Items from a dataset ::
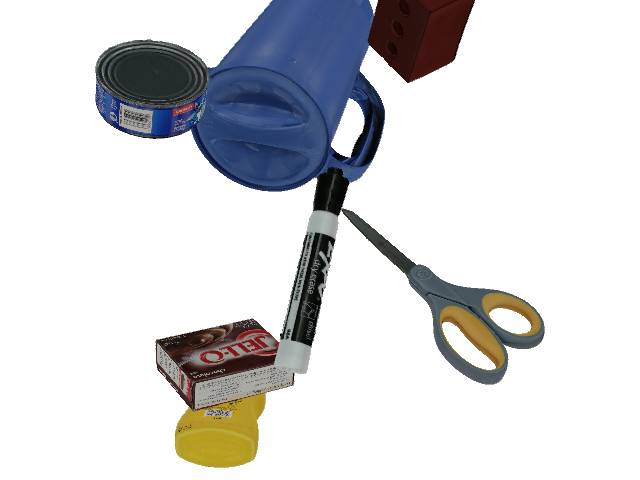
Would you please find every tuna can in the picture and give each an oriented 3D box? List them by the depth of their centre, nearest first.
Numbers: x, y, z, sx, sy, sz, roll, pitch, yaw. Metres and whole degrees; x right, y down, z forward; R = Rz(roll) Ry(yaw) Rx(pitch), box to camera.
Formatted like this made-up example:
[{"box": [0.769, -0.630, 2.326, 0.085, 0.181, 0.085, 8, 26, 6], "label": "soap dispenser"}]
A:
[{"box": [-0.129, -0.116, 0.819, 0.086, 0.034, 0.086, 7, 43, -6], "label": "tuna can"}]

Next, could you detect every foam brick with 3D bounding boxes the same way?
[{"box": [0.076, -0.169, 0.806, 0.051, 0.053, 0.078, -31, -24, -26], "label": "foam brick"}]

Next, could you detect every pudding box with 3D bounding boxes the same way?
[{"box": [-0.094, 0.120, 1.049, 0.113, 0.039, 0.090, -13, 27, -28], "label": "pudding box"}]

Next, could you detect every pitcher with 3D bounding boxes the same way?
[{"box": [-0.016, -0.161, 1.042, 0.145, 0.149, 0.242, -5, 35, 24], "label": "pitcher"}]

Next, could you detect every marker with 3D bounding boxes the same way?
[{"box": [-0.004, 0.016, 0.611, 0.020, 0.121, 0.020, 12, -14, 3], "label": "marker"}]

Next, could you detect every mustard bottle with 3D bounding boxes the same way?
[{"box": [-0.117, 0.201, 1.315, 0.096, 0.058, 0.191, 1, 25, 3], "label": "mustard bottle"}]

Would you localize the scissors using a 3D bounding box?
[{"box": [0.101, 0.031, 0.844, 0.096, 0.016, 0.202, -13, 48, -21], "label": "scissors"}]
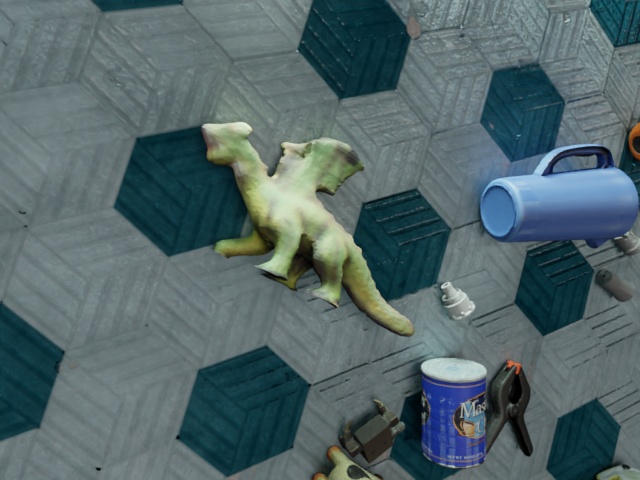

INSTRUCTIONS TO FOLLOW :: Reproduce every entry exactly; images stay out.

RESULT ::
Would you please find every tuna can in the picture and give each an oriented 3D box? List them by the depth of their centre, nearest first.
Numbers: x, y, z, sx, sy, sz, roll, pitch, yaw. Metres and whole degrees; x right, y down, z forward; R = Rz(roll) Ry(yaw) Rx(pitch), box to camera.
Formatted like this made-up example:
[{"box": [0.769, -0.630, 2.326, 0.085, 0.181, 0.085, 8, 26, 6], "label": "soap dispenser"}]
A:
[{"box": [-0.129, -0.116, 0.819, 0.086, 0.034, 0.086, 7, 43, -6], "label": "tuna can"}]

Next, could you detect every foam brick with 3D bounding boxes the same way?
[{"box": [0.076, -0.169, 0.806, 0.051, 0.053, 0.078, -31, -24, -26], "label": "foam brick"}]

Next, could you detect every pudding box with 3D bounding boxes the same way?
[{"box": [-0.094, 0.120, 1.049, 0.113, 0.039, 0.090, -13, 27, -28], "label": "pudding box"}]

Next, could you detect every pitcher with 3D bounding boxes the same way?
[{"box": [-0.016, -0.161, 1.042, 0.145, 0.149, 0.242, -5, 35, 24], "label": "pitcher"}]

Next, could you detect every marker with 3D bounding boxes the same way?
[{"box": [-0.004, 0.016, 0.611, 0.020, 0.121, 0.020, 12, -14, 3], "label": "marker"}]

Next, could you detect every mustard bottle with 3D bounding boxes the same way?
[{"box": [-0.117, 0.201, 1.315, 0.096, 0.058, 0.191, 1, 25, 3], "label": "mustard bottle"}]

Would you localize the scissors using a 3D bounding box?
[{"box": [0.101, 0.031, 0.844, 0.096, 0.016, 0.202, -13, 48, -21], "label": "scissors"}]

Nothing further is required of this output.